Crossbreeding in beef cattle takes on many different faces. The ultimate goal is to realize performance gains in the calf crop. Through the crossing of two breeds, or types of cattle, producers can reach these performance gains through an occurrence called heterosis, or hybrid vigor. It is much the same principle that occurs in hybrid corn. Hybrid corn typically out yields open pollinated varieties, because it is able to pull on genetic variations to realize the best of two worlds.

Heterosis is measured as the performance of crossbred progeny compared to the average of their purebred parents. Heterosis is usually positive and highest when the parents are more genetically spread. So Hereford or Angus crossed to Brahman, would exhibit the most heterosis. Heterosis generally recedes if the crossbred offspring are bred back to either of the original breeds.

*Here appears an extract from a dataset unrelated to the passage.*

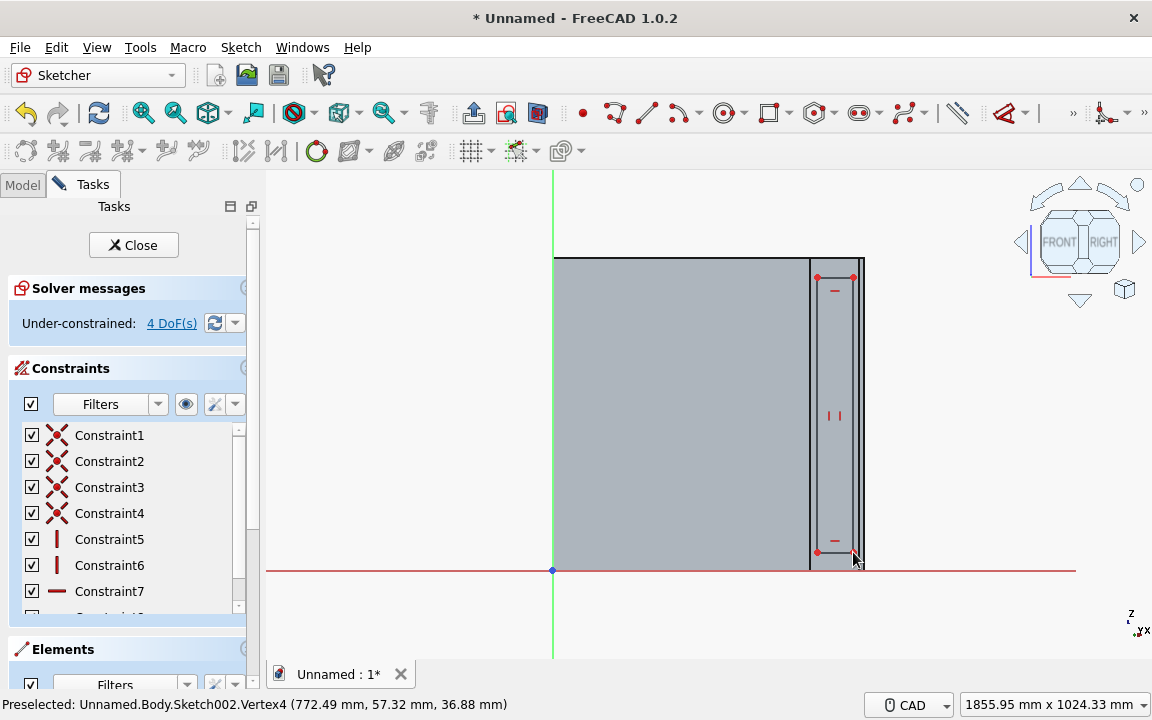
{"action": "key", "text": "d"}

Characteristics differ in heterosis. Heterosis is highest in fitness traits such as fertility, livability, and longevity. Moderate in traits such as milk production, weight gain, feed efficiency and body size. It is lowest in carcass traits. Heterosis or hybrid vigor can be a valuable tool for the commercial cattlemen that allows them to harness performance gains through merely following a simple crossbreeding plan.